У папы – наука. Жизни шли рядом, не сливаясь. Но они очень любили друг друга. Мама умерла 37-ми лет, неудовлетворенная, непримиренная, не позвав священника, хотя явно ничего не отрицала и даже любила обряды. Ее измученная душа живет в нас, – только мы открываем то, что она скрывала. Ее мятеж, ее безумие, ее жажда дошли в нас до крика.
Папа нас очень любил. Нам было 12 и 14 лет, когда умерла мама.
С 14-ти до 16-ти лет я бредила революцией, 16-ти лет безумно полюбила Наполеона I и Наполеона II, целый год жила без людей, одна в своей маленькой комнатке, в своем огромном мире.
Напишу Вам о папе.
Он умер 30-го августа 1913 г., от старческой болезни сердца, появившейся в последние годы. Самый последний год он чувствовал нашу любовь, раньше очень страдал от нас, совсем не зная, что с нами делать. Когда мы вышли замуж, он очень за нас беспокоился. Ни Сережи, ни Бориса (первого мужа Анастасии Цветаевой. – Л.К.) он не знал. Сережу он потом полюбил, поверив в его желание высшего образования – это для него было главное. Как людей он не знал ни Сережи, ни Бориса, совсем не знал, кто те, кого мы любим. Алю и Андрюшу он очень любил, очень им радовался и как потом мы узнали, всем о них рассказывал. Но он видел их совсем маленькими, до года. Это ужасно жаль! ‹…› Как странно! Я Вам это расскажу.
Я приехала в Москву числа 15-го августа, сдавать дом (наш дом с Сережей). Папа был в имении около Клина, где все лето прожил в прекрасных условиях. Числа 22-го мы с ним увидались в Трехпрудном, 23-го поехали вместе к Мюру („Мюр и Мерилиз“ – магазин в Москве, названный по фамилии владельцев; теперь в этом здании ЦУМ. – Л.К.) – он хотел мне что-нибудь подарить. Я выбрала маленький плюшевый плед – с одной стороны коричневый, с другой золотой. Папа был необычайно мил и ласков. Когда мы проходили по Театральной площади, сверкавшей цветами, он вдруг остановился и, показав рукой на группу мальв, редко-грустно сказал:
„А помнишь, у нас на даче были мальвы?“ У меня сжалось сердце.
Я хотела проводить его на вокзал, но он не согласился: „Зачем? Зачем? Я еще должен в Музей“.
„Господи, а вдруг это в последний раз?“ – подумала я и, чтобы не поверить себе, назначила день – 29-ое – когда мы с Асей к нему приедем на дачу. Господи, у меня сердце сжимается! – 27-го ночью его привезли с дачи почти умирающего. ‹…› За день – меньше! – до смерти он спросил меня: „А как… твой… этот… плед?“ Господи!

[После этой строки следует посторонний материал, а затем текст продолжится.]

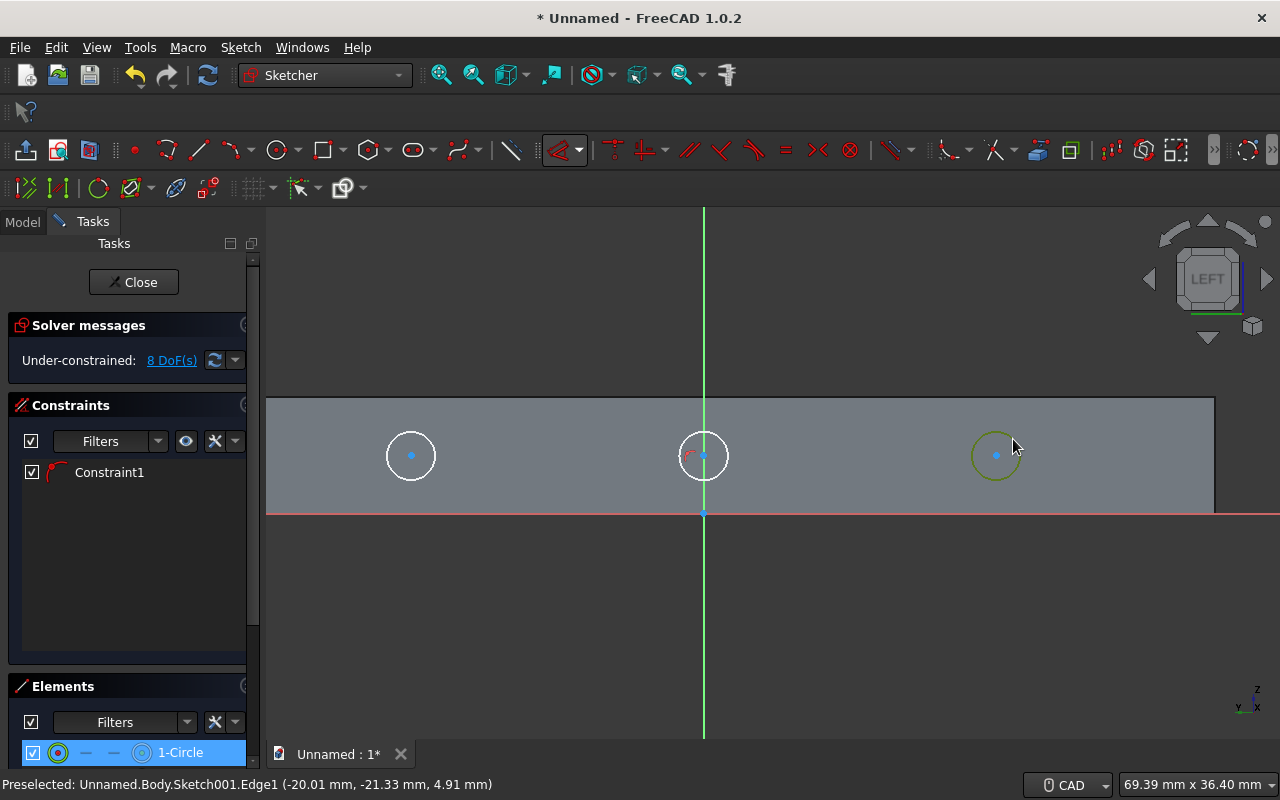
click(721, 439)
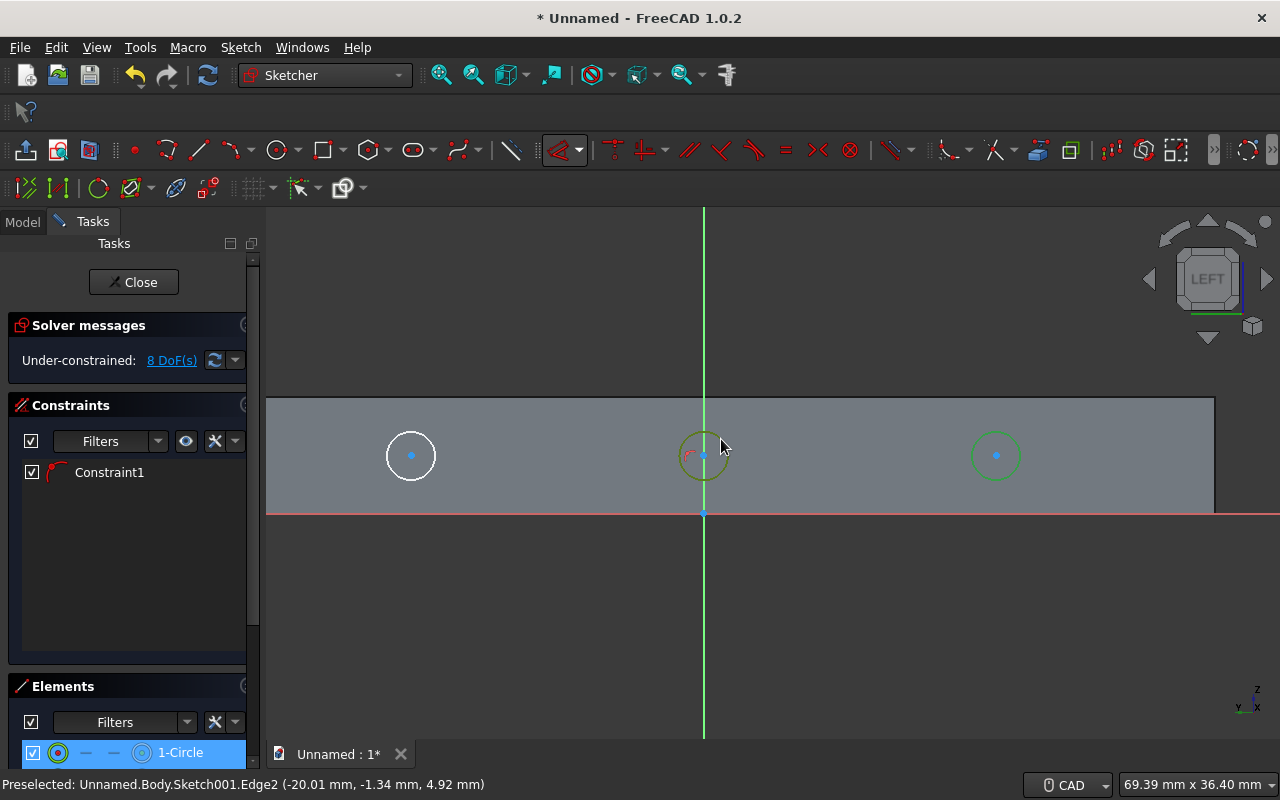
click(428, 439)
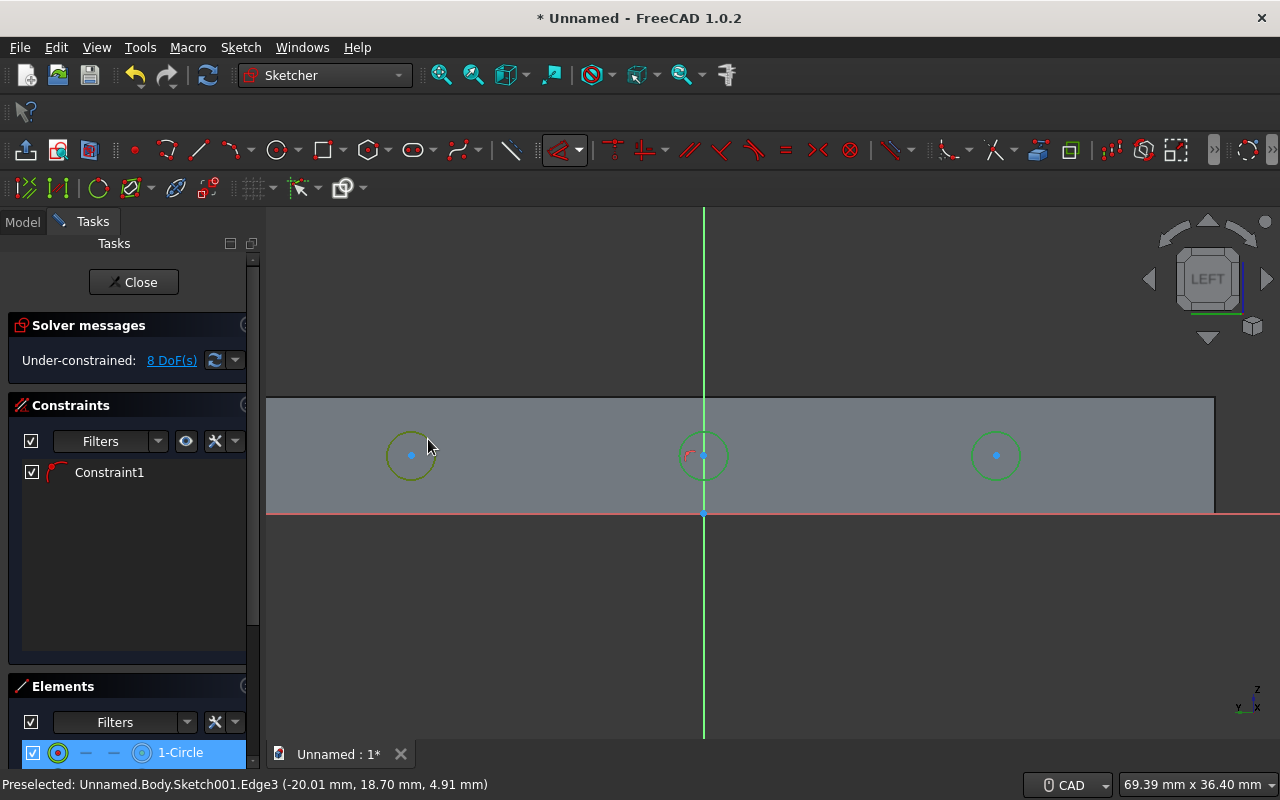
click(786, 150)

Последний день он был почти без памяти. Умер он в 13/4 ч. дня. Мы с Андреем были в его комнате. ‹…› Умер без священника.
Поэтому мы думаем, что он действительно не видел, что умирает, – он был религиозен. – Нет, это тайна. Теперь уже никогда не узнаем, чувствовал он смерть или нет. Его кончина для меня совершенно поразительна: тихий героизм, – такой скромный! Господи, мне плакать хочется!
Мы все: Валерия, Андрей (дети Ивана Владимировича от первого брака. – Л.К.), Ася и я были с ним в последние дни каким-то чудом: Валерия случайно приехала из-за границы, я случайно из Коктебеля (сдавать дом), Ася случайно из Воронежской губернии, Андрей случайно с охоты.
У папы в гробу было прекрасное светлое лицо…» (В. Розанову. 1914, 8 апреля).
Анастасия Цветаева писала: «Утрата отца, как утрата матери за семь лет до того, легла на дно сердца, влилась в кровь, стала частью нас, жила с нами – и так это продолжалось, не изменяясь, всю нашу жизнь. Во все дни и годы жизненных испытаний память о таком отце, о такой матери говорила в нас полным голосом. Их свойства, их стойкость, их доблесть остались опорой как Марине, так и мне во всем, что пришлось пережить».
А Марина Цветаева писала: «„Трехпрудный“ – в моих вещах – Трехпрудный переулок, где стоял наш дом, но это был целый мир, вроде именья ‹…› и целый психический мир – не меньше, а м. б. и больше дома Ростовых, ибо дом Ростовых плюс еще сто лет» (А. Тесковой. 1936, 20 января).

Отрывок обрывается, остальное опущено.